Dementia was documented in 193 (6.3%) of the actively treated group and 217 (7.1%) of the placebo group (relative risk reduction=12% [95% CI: -8% to 28%]; p=0.2). In the active treatment group, 9.1% of patients had a cognitive decline, as did 11% of the placebo group (risk reduction=19% [95% CI: 4% to 32%]; p=0.01). The risks of the composite outcomes of dementia with recurrent stroke and of cognitive decline with recurrent stroke were reduced by 34% (95% CI: 3% to 55%; p=0.03) and 45% (95% CI: 21% to 61%; p<0.001), respectively. There was no clear effect on either dementia or cognitive decline in the absence of recurrent stroke.
These findings, the authors concluded, indicated:
Active treatment was associated with reduced risks of dementia and cognitive decline associated with recurrent stroke.
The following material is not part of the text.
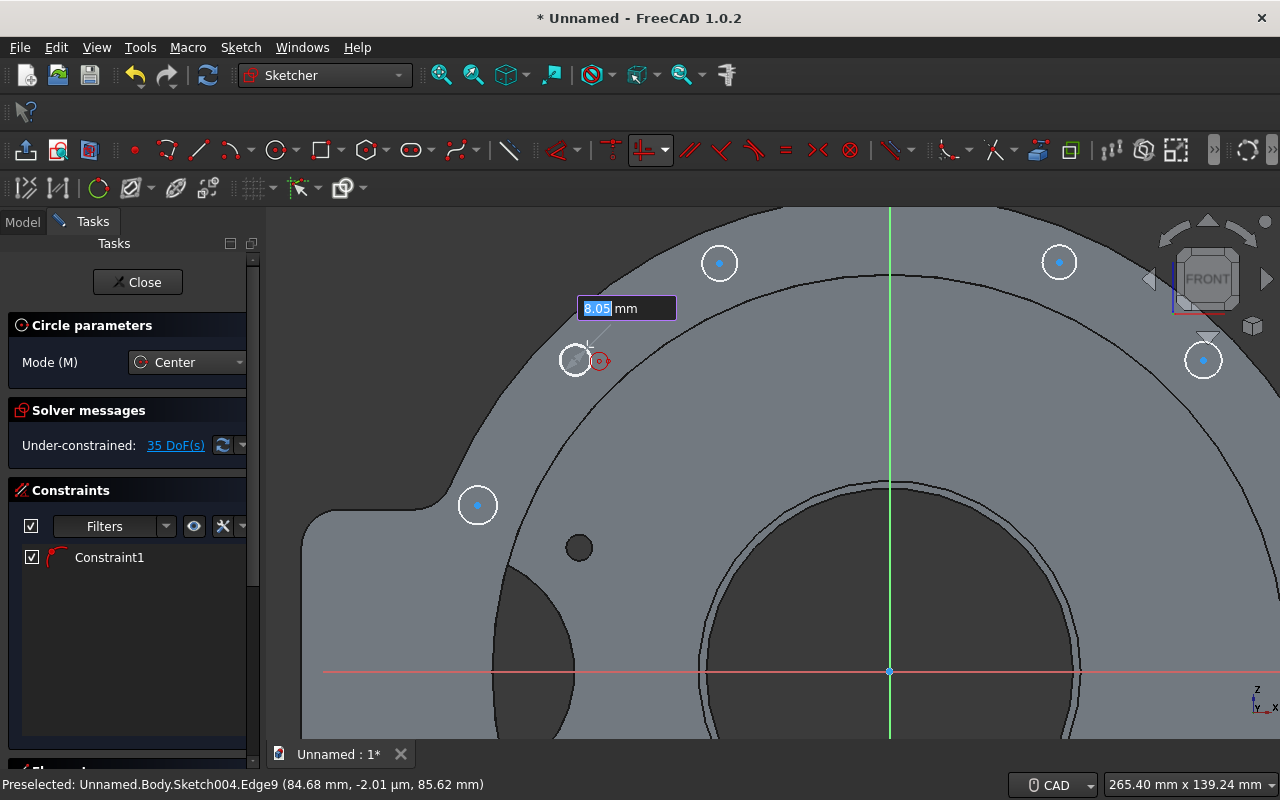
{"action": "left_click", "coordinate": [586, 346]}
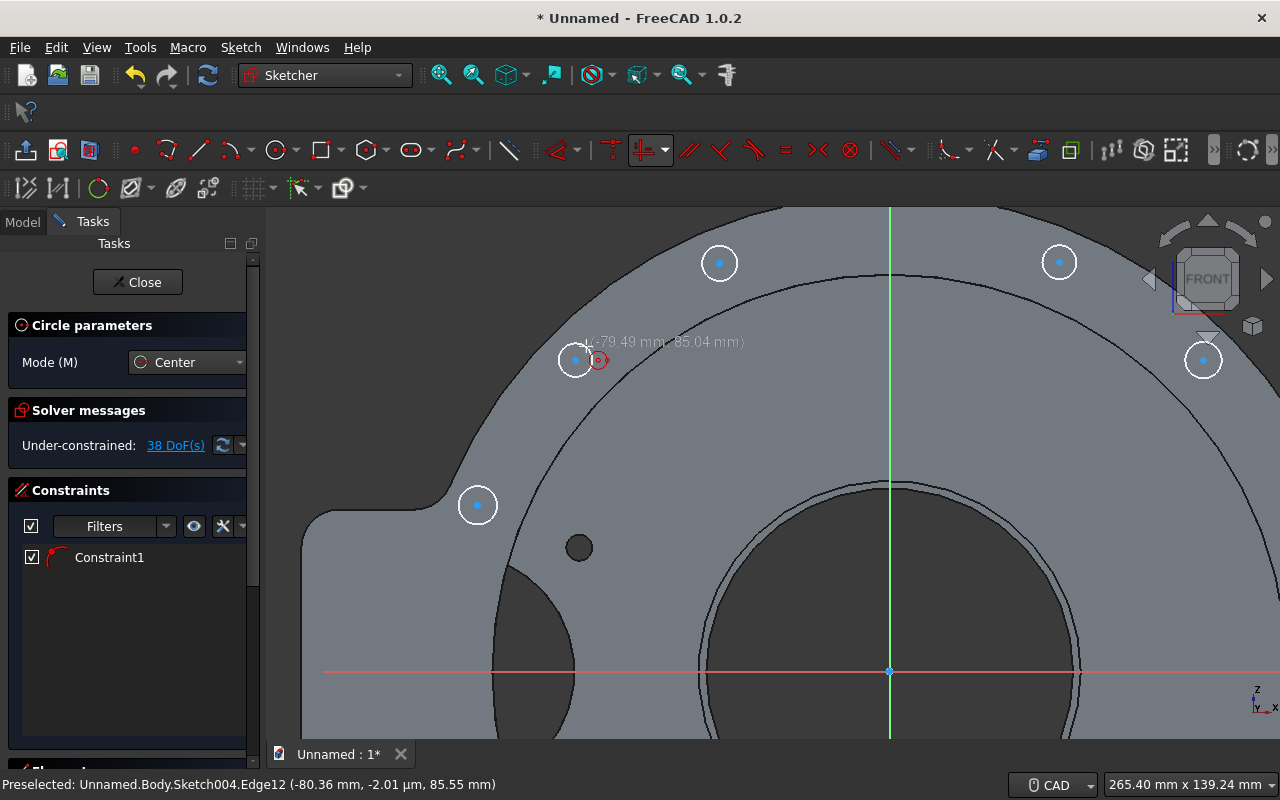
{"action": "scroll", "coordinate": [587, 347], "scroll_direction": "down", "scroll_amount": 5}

These findings further support the recommendation that blood pressure lowering with perindopril and indapamide therapy be considered for all patients with cerebrovascular disease.
Reference: Tzourio C, Anderson C, Chapman N et al. (2003), Effects of blood pressure lowering with perindopril and indapamide therapy on dementia and cognitive decline in patients with cerebrovascular disease. Arch Intern Med 163(9):1069-1075.
Occurrence of Spontaneous Dyskinesia in Chronically Ill Never-Treated Schizophrenic Patients: An Update
In Southern India, a group of researchers had found that spontaneous dyskinesia is common in chronically ill patients who had never been treated for schizophrenia. More recently, they reported that they have found brain structure changes in these patients via magnetic resonance imaging. In contrast to patients without dyskinesia, the left lenticular nucleus is larger in patients with dyskinesia and, compared with controls, the right lateral ventricle to hemisphere ratio is larger in patients without dyskinesia. Furthermore, in controls, increasing age was associated with decreased basal ganglia volume. These findings indicate there is a subgroup of patients with schizophrenia and dyskinesia striatal pathology.
Reference: McCreadie RG, Thara R, Padmavati R et al. (2002), Structural brain differences between never-treated patients with schizophrenia, with and without dyskinesia, and normal control subjects: a magnetic resonance imaging study. Arch Gen Psychiatry 59(4):332-336.